In this exercise, every entry is to be transcribed exactly as written.

## Entries shown
------------------------------------------------
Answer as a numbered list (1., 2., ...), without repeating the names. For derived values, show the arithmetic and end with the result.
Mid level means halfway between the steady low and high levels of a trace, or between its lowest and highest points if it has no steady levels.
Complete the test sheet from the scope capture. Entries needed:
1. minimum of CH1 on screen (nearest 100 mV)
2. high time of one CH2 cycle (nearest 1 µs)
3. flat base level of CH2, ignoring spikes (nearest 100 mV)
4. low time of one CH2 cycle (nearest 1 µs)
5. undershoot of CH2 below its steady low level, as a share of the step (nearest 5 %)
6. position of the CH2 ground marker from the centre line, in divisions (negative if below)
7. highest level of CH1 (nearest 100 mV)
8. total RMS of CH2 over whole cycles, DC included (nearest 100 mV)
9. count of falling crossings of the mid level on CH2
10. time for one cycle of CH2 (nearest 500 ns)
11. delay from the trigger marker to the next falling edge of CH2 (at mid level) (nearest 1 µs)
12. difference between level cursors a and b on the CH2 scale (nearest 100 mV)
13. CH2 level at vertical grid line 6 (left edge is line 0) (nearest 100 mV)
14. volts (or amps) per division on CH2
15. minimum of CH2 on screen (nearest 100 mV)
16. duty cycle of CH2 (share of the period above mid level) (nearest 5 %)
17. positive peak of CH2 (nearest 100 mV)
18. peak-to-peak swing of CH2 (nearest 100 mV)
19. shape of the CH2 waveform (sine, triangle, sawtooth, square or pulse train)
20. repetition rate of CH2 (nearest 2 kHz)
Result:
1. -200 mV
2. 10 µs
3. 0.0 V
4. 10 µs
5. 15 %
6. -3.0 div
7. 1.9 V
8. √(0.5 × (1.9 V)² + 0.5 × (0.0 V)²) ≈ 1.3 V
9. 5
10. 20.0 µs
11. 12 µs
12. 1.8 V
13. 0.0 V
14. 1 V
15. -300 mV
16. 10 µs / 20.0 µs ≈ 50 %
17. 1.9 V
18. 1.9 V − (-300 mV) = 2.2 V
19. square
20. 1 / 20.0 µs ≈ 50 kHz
------------------------------------------------
## Answer space
Answer as a numbered list (1., 2., ...), without repeating the names. For derived values, show the arithmetic and end with the result.
Mid level means halfway between the steady low and high levels of a trace, or between its lowest and highest points if it has no steady levels.
Complete the test sheet from the scope capture. Entries needed:
1. minimum of CH1 on screen (nearest 100 mV)
2. high time of one CH2 cycle (nearest 1 µs)
3. flat base level of CH2, ignoring spikes (nearest 100 mV)
4. low time of one CH2 cycle (nearest 1 µs)
5. undershoot of CH2 below its steady low level, as a share of the step (nearest 5 %)
6. position of the CH2 ground marker from the centre line, in divisions (negative if below)
7. highest level of CH1 (nearest 100 mV)
8. total RMS of CH2 over whole cycles, DC included (nearest 100 mV)
9. count of falling crossings of the mid level on CH2
10. time for one cycle of CH2 (nearest 500 ns)
11. delay from the trigger marker to the next falling edge of CH2 (at mid level) (nearest 1 µs)
12. difference between level cursors a and b on the CH2 scale (nearest 100 mV)
13. CH2 level at vertical grid line 6 (left edge is line 0) (nearest 100 mV)
14. volts (or amps) per division on CH2
15. minimum of CH2 on screen (nearest 100 mV)
16. duty cycle of CH2 (share of the period above mid level) (nearest 5 %)
17. positive peak of CH2 (nearest 100 mV)
18. peak-to-peak swing of CH2 (nearest 100 mV)
19. shape of the CH2 waveform (sine, triangle, sawtooth, square or pulse train)
20. repetition rate of CH2 (nearest 2 kHz)
Result:
1. -200 mV
2. 10 µs
3. 0.0 V
4. 10 µs
5. 15 %
6. -3.0 div
7. 1.9 V
8. √(0.5 × (1.9 V)² + 0.5 × (0.0 V)²) ≈ 1.3 V
9. 5
10. 20.0 µs
11. 12 µs
12. 1.8 V
13. 0.0 V
14. 1 V
15. -300 mV
16. 10 µs / 20.0 µs ≈ 50 %
17. 1.9 V
18. 1.9 V − (-300 mV) = 2.2 V
19. square
20. 1 / 20.0 µs ≈ 50 kHz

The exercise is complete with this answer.